= PunditWire =

News commentary site

PunditWire is a news commentary site featuring contributors from across the political spectrum who are all current or former political speechwriters. Launched on September 13, 2010, the content on PunditWire varies in scope – from foreign policy to campaigns and elections to civil rights and political rhetoric. The website is sponsored by American University in Washington, D.C., and was conceived by American University Professor Leonard Steinhorn, a former political speechwriter and strategist, and Robert Lehrman, adjunct professor in the School of Communication at American University and former speechwriter for Al Gore.

==Content==
Every contributor to PunditWire is or has been a political speechwriter. These contributors have worked on political campaigns, Capitol Hill, and in the White House. PunditWire is a forum for these speechwriters to post their own commentary on current affairs.

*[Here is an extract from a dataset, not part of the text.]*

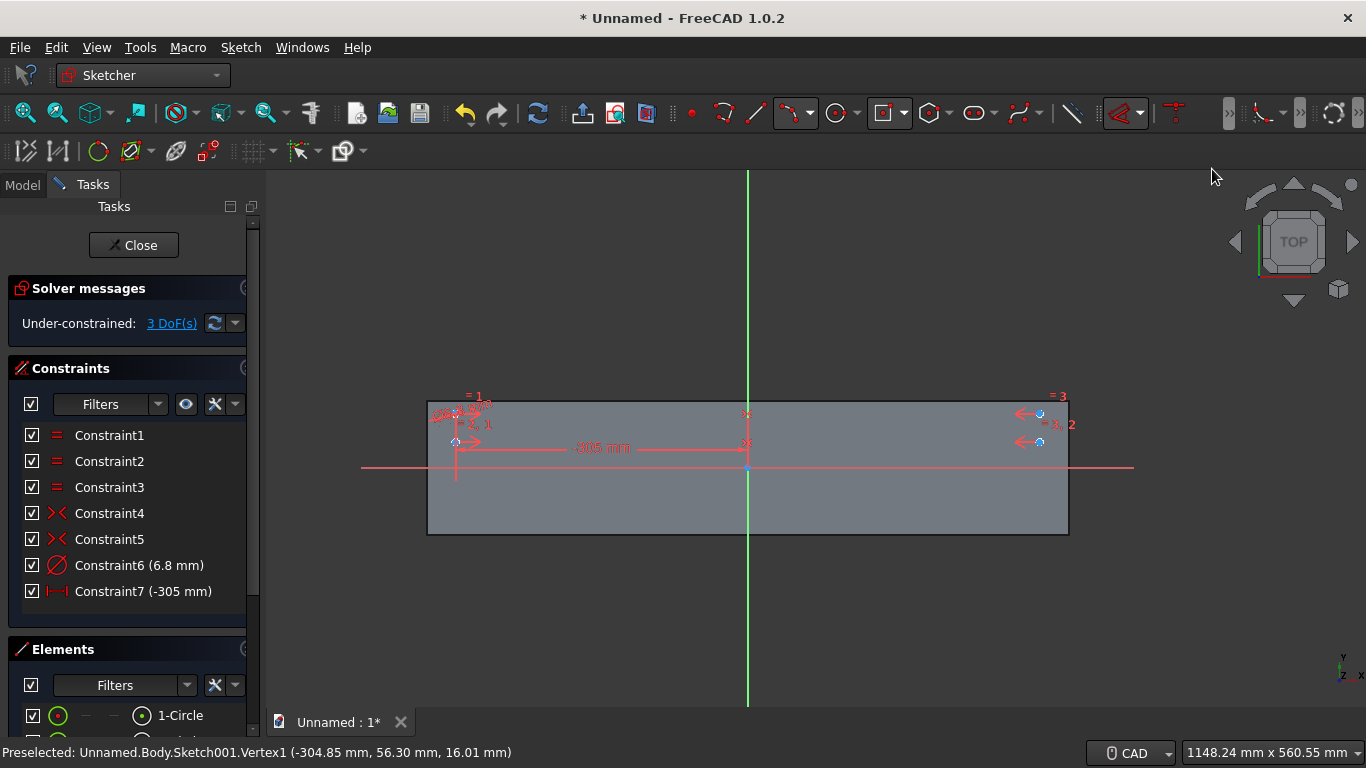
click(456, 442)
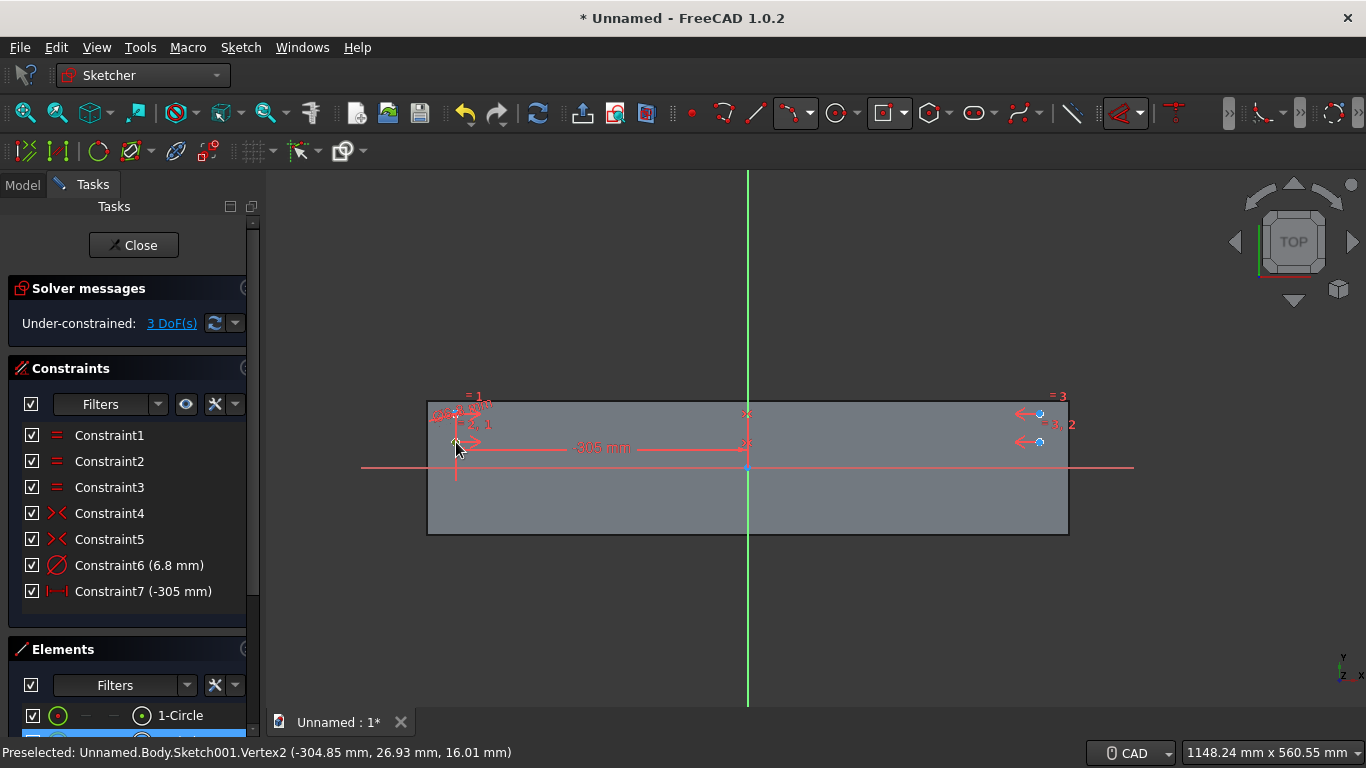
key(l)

PunditWire articles feature insider perspectives from the people who normally write for politicians. The goal of the website is to provide commentary that gives readers special insight into the language of politics.

==Contributors==
- Dan Conley – Professional speechwriter and frequent op-ed contributor to major national publications
- Hal Gordon – Professional speechwriter; was a speechwriter in the Reagan White House
- Dave Helfert – Political and governmental communicator; Professor of political communication at American University and Johns Hopkins
- Jim Jaffe – Currently a freelancer who blogs on health issues at Centeredpolitics.com, and the Huffington Post
- David Kusnet – Author and speechwriter; Chief Speechwriter for former President Bill Clinton from 1992 through 1994
- Robert Lehrman – Author, speechwriter, and professor of communication at American University
- Paul Liben – Speechwriter; Op-eds contributor for more than 100 publications, including the Wall Street Journal, Los Angeles Times, Washington Times
- Mike Long – Author, essayist, and speechwriter; adjunct professor at Georgetown University
- Lissa Muscatine – Senior Adviser and Director of Speechwriting at the U.S. State Department
- Bob Neuman – Author and communication consultant; president of Neuman and Company
- Noam Neusner – Founding principal of 30 Point Strategies, which focuses on strategic communications, speechwriting, media relations, and policy-specific writing
- Eric Schnure – Speechwriter; Co-founder of the Humor Cabinet; Principal at the Dewey Square Group; adjunct professor at American University
- Leonard Steinhorn – Former speechwriter; Professor of communication at American University
- Carol Whitney – Author; Political strategist with expertise in message development
- Ted Widmer – Former speechwriter and advisor for President Bill Clinton; Director and Librarian of the John Carter Brown Library at Brown University
- Antonio (Tony) Williams – Speechwriter; Director of Government Affairs for Comcast Cable
- Chriss Winston – Speechwriter for President George H. W. Bush; Communication consultant; teaching Fellow at Harvard University's Institute of Politics

==Daily Quotes==
PunditWire features daily quotes provided by American University's Simpson Fellows who continue the mission of Reverend James Simpson's Contemporary Quotations: The Most Notable Quotes From 1950 to the Present.